Wednesday, September 27, 2006

Bernard Ebbers' Trail of Tears

You've got to hand it to Bernard Ebbers. It takes a certain strength of character to drive oneself through the prison gates when reporting for a life sentence. (Technically, Ebbers' securities fraud sentence is 25 years--21 or so with good behavior--but at 65 and with a heart condition, it might as well be life.) Ebbers, who had remained free on bail during his trial and appeal, was ordered to report to a Louisiana federal prison by 2 P.M. yesterday. This he accomplished in style, waking up in his Mississippi home and driving the 230 miles to FCI Oakdale in a late-model Mercedes. The vehicle--rented, I suspect, since Ebbers forfeited virtually all of his $45 million personal wealth--sent a clear message to his government-salaried prosecutors: you can take away my money, you can even take away my freedom, but you can't touch my class.

But, Lord, what must go through a man's mind as the dashboard clock and odometer tick away the last hours and miles of his freedom? What could Ebbers and his wife have talked about on the final journey of their marriage? Did they listen to the radio? Stop for gas? At a cheap motel? (There are no conjugal visits in federal prisons--imagine knowing that you're done with that for good.) And where would you go for lunch, the last restaurant meal of your existence? Could you make it through the Fixins Bar at Roy Rogers without losing your mind?
And you just have to wonder how strong was the temptation to point the car South; flee across the border for another day, week, maybe years of freedom if he had planned it well enough. So what if they eventually caught him--what could they do, put him in prison?

Alternatively, why not follow Ken Lay's easy way out? A last dinner party with friends and family, prime rib garnished with 1500 mg of Seconol, and off to bed for the ultimate bail jump. Does a rational human being deliver himself up alive for a lifetime of bondage?
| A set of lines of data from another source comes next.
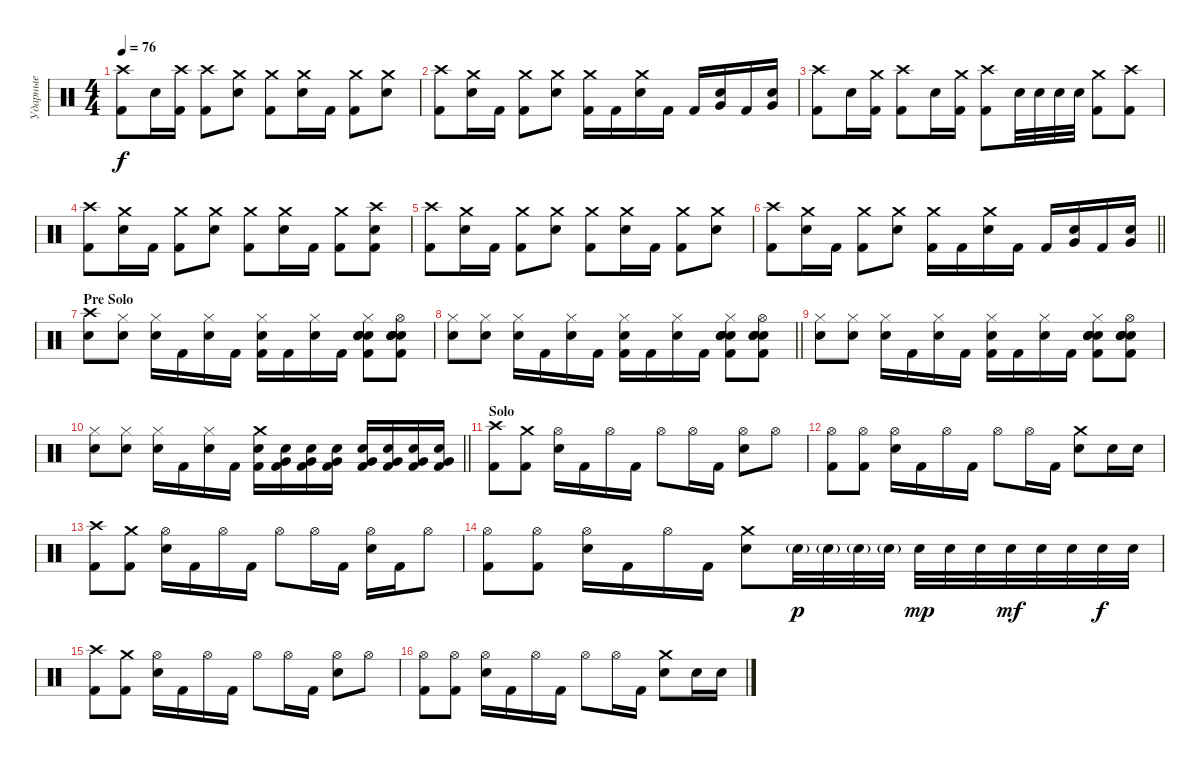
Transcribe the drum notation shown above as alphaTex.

\track ("Ударные" "Ударные") {instrument percussion}
\staff {score}
\articulation defaults
\ts (4 4)
\tempo 76
\clef neutral
\ks c
("Crash high (hit)" "Kick (hit) 2").8{dy f} "Electric Snare (hit)".16 ("Crash high (hit)" "Kick (hit) 2").16 ("Crash high (hit)" "Kick (hit) 2").8 ("Crash medium (hit)" "Electric Snare (hit)").8 ("Crash medium (hit)" "Kick (hit) 2").8 ("Crash medium (hit)" "Electric Snare (hit)").16 "Kick (hit) 2".16 ("Crash medium (hit)" "Kick (hit) 2").8 ("Crash medium (hit)" "Electric Snare (hit)").8 |
("Crash high (hit)" "Kick (hit) 2").8 ("Crash medium (hit)" "Electric Snare (hit)").16 "Kick (hit) 2".16 ("Crash medium (hit)" "Kick (hit) 2").8 ("Crash medium (hit)" "Electric Snare (hit)").8 ("Crash medium (hit)" "Kick (hit) 2").16 "Kick (hit) 2".16 ("Crash medium (hit)" "Electric Snare (hit)").16 "Kick (hit) 2".16 "Kick (hit) 2".16 ("Electric Snare (hit)" "Very Low Tom (hit)").16 "Kick (hit) 2".16 ("Electric Snare (hit)" "Very Low Tom (hit)").16 |
("Crash high (hit)" "Kick (hit) 2").8 "Electric Snare (hit)".16 ("Crash medium (hit)" "Kick (hit) 2").16 ("Crash high (hit)" "Kick (hit) 2").8 "Electric Snare (hit)".16 ("Crash medium (hit)" "Kick (hit) 2").16 ("Crash high (hit)" "Kick (hit) 2").8 "Electric Snare (hit)".32 "Electric Snare (hit)".32 "Electric Snare (hit)".32 "Electric Snare (hit)".32 ("Crash medium (hit)" "Kick (hit) 2").8 ("Crash high (hit)" "Kick (hit) 2").8 |
("Crash high (hit)" "Kick (hit) 2").8 ("Crash medium (hit)" "Electric Snare (hit)").16 "Kick (hit) 2".16 ("Crash medium (hit)" "Kick (hit) 2").8 ("Crash medium (hit)" "Electric Snare (hit)").8 ("Crash medium (hit)" "Kick (hit) 2").8 ("Crash medium (hit)" "Electric Snare (hit)").16 "Kick (hit) 2".16 ("Crash medium (hit)" "Kick (hit) 2").8 ("Crash high (hit)" "Electric Snare (hit)" "Kick (hit) 2").8 |
("Crash high (hit)" "Kick (hit) 2").8 ("Crash medium (hit)" "Electric Snare (hit)").16 "Kick (hit) 2".16 ("Crash medium (hit)" "Kick (hit) 2").8 ("Crash medium (hit)" "Electric Snare (hit)").8 ("Crash medium (hit)" "Kick (hit) 2").8 ("Crash medium (hit)" "Electric Snare (hit)").16 "Kick (hit) 2".16 ("Crash medium (hit)" "Kick (hit) 2").8 ("Crash medium (hit)" "Electric Snare (hit)").8 |
\barLineRight lightlight
("Crash high (hit)" "Kick (hit) 2").8 ("Crash medium (hit)" "Electric Snare (hit)").16 "Kick (hit) 2".16 ("Crash medium (hit)" "Kick (hit) 2").8 ("Crash medium (hit)" "Electric Snare (hit)").8 ("Crash medium (hit)" "Kick (hit) 2").16 "Kick (hit) 2".16 ("Crash medium (hit)" "Electric Snare (hit)").16 "Kick (hit) 2".16 "Kick (hit) 2".16 ("Electric Snare (hit)" "Very Low Tom (hit)").16 "Kick (hit) 2".16 ("Electric Snare (hit)" "Very Low Tom (hit)").16 |
\section ("" "Pre Solo")
("Crash high (hit)" "Electric Snare (hit)").8 ("Hi-Hat (closed)" "Electric Snare (hit)").8 ("Hi-Hat (closed)" "Electric Snare (hit)").16 "Kick (hit) 2".16 ("Hi-Hat (closed)" "Electric Snare (hit)").16 "Kick (hit) 2".16 ("Hi-Hat (closed)" "Electric Snare (hit)" "Kick (hit) 2").16 "Kick (hit) 2".16 ("Hi-Hat (closed)" "Electric Snare (hit)").16 "Kick (hit) 2".16 ("Hand Clap (hit)" "Hi-Hat (closed)" "Hand Clap (hit)" "Electric Snare (hit)" "Hand Clap (hit)" "Kick (hit) 2").8{bd 30} ("Hand Clap (hit)" "Hi-Hat (open)" "Hand Clap (hit)" "Electric Snare (hit)" "Hand Clap (hit)" "Kick (hit) 2").8{bd 30} |
\barLineRight lightlight
("Hi-Hat (closed)" "Electric Snare (hit)").8 ("Hi-Hat (closed)" "Electric Snare (hit)").8 ("Hi-Hat (closed)" "Electric Snare (hit)").16 "Kick (hit) 2".16 ("Hi-Hat (closed)" "Electric Snare (hit)").16 "Kick (hit) 2".16 ("Hi-Hat (closed)" "Electric Snare (hit)" "Kick (hit) 2").16 "Kick (hit) 2".16 ("Hi-Hat (closed)" "Electric Snare (hit)").16 "Kick (hit) 2".16 ("Hand Clap (hit)" "Hi-Hat (closed)" "Hand Clap (hit)" "Electric Snare (hit)" "Hand Clap (hit)" "Kick (hit) 2").8{bd 30} ("Hand Clap (hit)" "Hi-Hat (open)" "Hand Clap (hit)" "Electric Snare (hit)" "Hand Clap (hit)" "Kick (hit) 2").8{bd 30} |
("Hi-Hat (closed)" "Electric Snare (hit)").8 ("Hi-Hat (closed)" "Electric Snare (hit)").8 ("Hi-Hat (closed)" "Electric Snare (hit)").16 "Kick (hit) 2".16 ("Hi-Hat (closed)" "Electric Snare (hit)").16 "Kick (hit) 2".16 ("Hi-Hat (closed)" "Electric Snare (hit)" "Kick (hit) 2").16 "Kick (hit) 2".16 ("Hi-Hat (closed)" "Electric Snare (hit)").16 "Kick (hit) 2".16 ("Hand Clap (hit)" "Hi-Hat (closed)" "Hand Clap (hit)" "Electric Snare (hit)" "Hand Clap (hit)" "Kick (hit) 2").8{bd 30} ("Hand Clap (hit)" "Hi-Hat (open)" "Hand Clap (hit)" "Electric Snare (hit)" "Hand Clap (hit)" "Kick (hit) 2").8{bd 30} |
\barLineRight lightlight
("Hi-Hat (closed)" "Electric Snare (hit)").8 ("Hi-Hat (closed)" "Electric Snare (hit)").8 ("Hi-Hat (closed)" "Electric Snare (hit)").16 "Kick (hit) 2".16 ("Hi-Hat (closed)" "Electric Snare (hit)").16 "Kick (hit) 2".16 ("Crash medium (hit)" "Electric Snare (hit)" "Kick (hit) 2").16 ("Electric Snare (hit)" "Very Low Tom (hit)" "Kick (hit) 2").16 ("Electric Snare (hit)" "Very Low Tom (hit)" "Kick (hit) 2").16 ("Electric Snare (hit)" "Very Low Tom (hit)" "Kick (hit) 2").16 ("Electric Snare (hit)" "Very Low Tom (hit)" "Kick (hit) 2").16 ("Electric Snare (hit)" "Very Low Tom (hit)" "Kick (hit) 2").16 ("Electric Snare (hit)" "Very Low Tom (hit)" "Kick (hit) 2").16 ("Electric Snare (hit)" "Very Low Tom (hit)" "Kick (hit) 2").16 |
\section ("" "Solo")
("Crash high (hit)" "Kick (hit) 2").8 ("Crash medium (hit)" "Kick (hit) 2").8 ("Hi-Hat (open)" "Electric Snare (hit)").16 "Kick (hit) 2".16 "Hi-Hat (open)".16 "Kick (hit) 2".16 "Hi-Hat (open)".8 "Hi-Hat (open)".16 "Kick (hit) 2".16 ("Hi-Hat (open)" "Electric Snare (hit)").8 "Hi-Hat (open)".8 |
("Hi-Hat (open)" "Kick (hit) 2").8 ("Hi-Hat (open)" "Kick (hit) 2").8 ("Hi-Hat (open)" "Electric Snare (hit)").16 "Kick (hit) 2".16 "Hi-Hat (open)".16 "Kick (hit) 2".16 "Hi-Hat (open)".8 "Hi-Hat (open)".16 "Kick (hit) 2".16 ("Crash medium (hit)" "Electric Snare (hit)").8 "Electric Snare (hit)".16 "Electric Snare (hit)".16 |
("Crash high (hit)" "Kick (hit) 2").8 ("Crash medium (hit)" "Kick (hit) 2").8 ("Hi-Hat (open)" "Electric Snare (hit)").16 "Kick (hit) 2".16 "Hi-Hat (open)".16 "Kick (hit) 2".16 "Hi-Hat (open)".8 "Hi-Hat (open)".16 "Kick (hit) 2".16 ("Hi-Hat (open)" "Electric Snare (hit)").16 "Kick (hit) 2".16 "Hi-Hat (open)".8 |
("Hi-Hat (open)" "Kick (hit) 2").8 ("Hi-Hat (open)" "Kick (hit) 2").8 ("Hi-Hat (open)" "Electric Snare (hit)").16 "Kick (hit) 2".16 "Hi-Hat (open)".16 "Kick (hit) 2".16 ("Crash medium (hit)" "Electric Snare (hit)").8 "Electric Snare (hit)"{g}.32{dy p} "Electric Snare (hit)"{g}.32 "Electric Snare (hit)"{g}.32 "Electric Snare (hit)"{g}.32 "Electric Snare (hit)".32{dy mp} "Electric Snare (hit)".32 "Electric Snare (hit)".32 "Electric Snare (hit)".32{dy mf} "Electric Snare (hit)".32 "Electric Snare (hit)".32 "Electric Snare (hit)".32{dy f} "Electric Snare (hit)".32 |
("Crash high (hit)" "Kick (hit) 2").8 ("Crash medium (hit)" "Kick (hit) 2").8 ("Hi-Hat (open)" "Electric Snare (hit)").16 "Kick (hit) 2".16 "Hi-Hat (open)".16 "Kick (hit) 2".16 "Hi-Hat (open)".8 "Hi-Hat (open)".16 "Kick (hit) 2".16 ("Hi-Hat (open)" "Electric Snare (hit)").8 "Hi-Hat (open)".8 |
("Hi-Hat (open)" "Kick (hit) 2").8 ("Hi-Hat (open)" "Kick (hit) 2").8 ("Hi-Hat (open)" "Electric Snare (hit)").16 "Kick (hit) 2".16 "Hi-Hat (open)".16 "Kick (hit) 2".16 "Hi-Hat (open)".8 "Hi-Hat (open)".16 "Kick (hit) 2".16 ("Crash medium (hit)" "Electric Snare (hit)").8 "Electric Snare (hit)".16 "Electric Snare (hit)".16
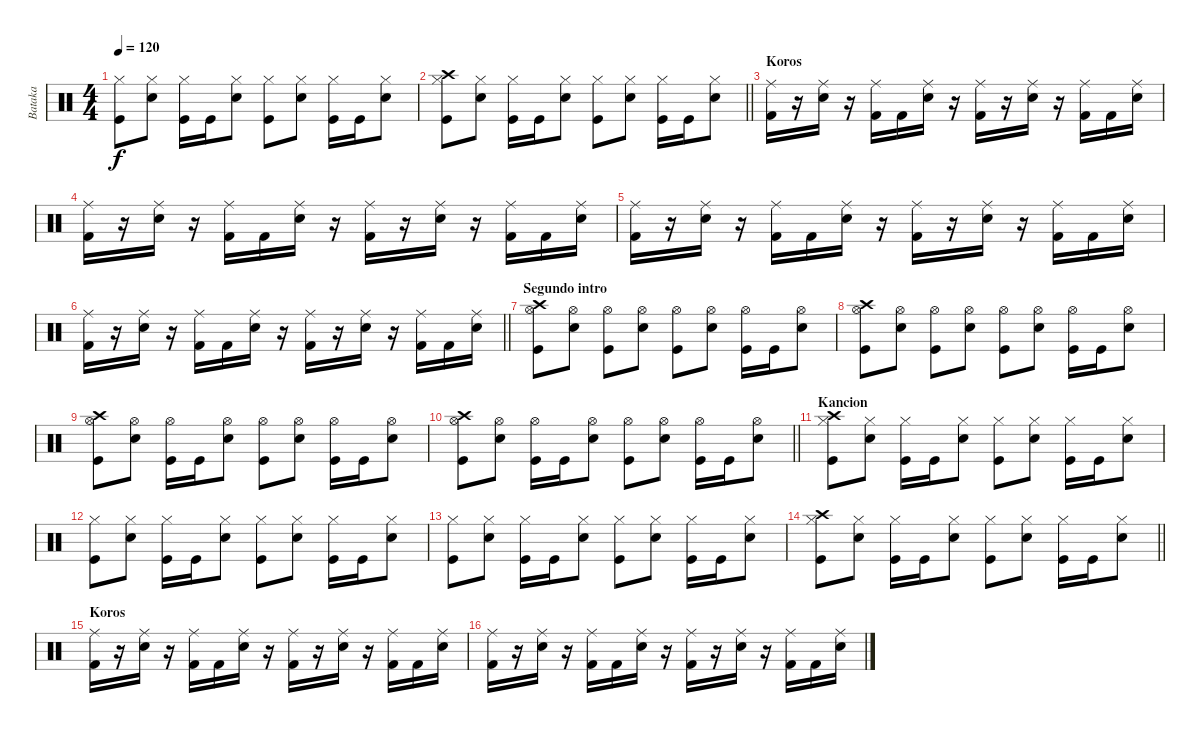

I have to say that the prospect of retirement, senescence, and death behind bars makes me almost sorry for Bernard Ebbers. But then I think of all those Worldcom pensioners whose post-65 plans didn't turn out as expected, either, and... not so much.

1 comment:

  1. Did you hear about the sentencing for Mr. E. Forbes Smiley, noted map thief?

    He only got 3.5 years in the federal pokey, because of his 'help' in locating some of the maps he stole.

    Oddly, he just can't seem to remember what happened to some of them, but the judge seemed to look kindly on his faulty memory.

    So clearly there's white collar prison and then there's white collar prison.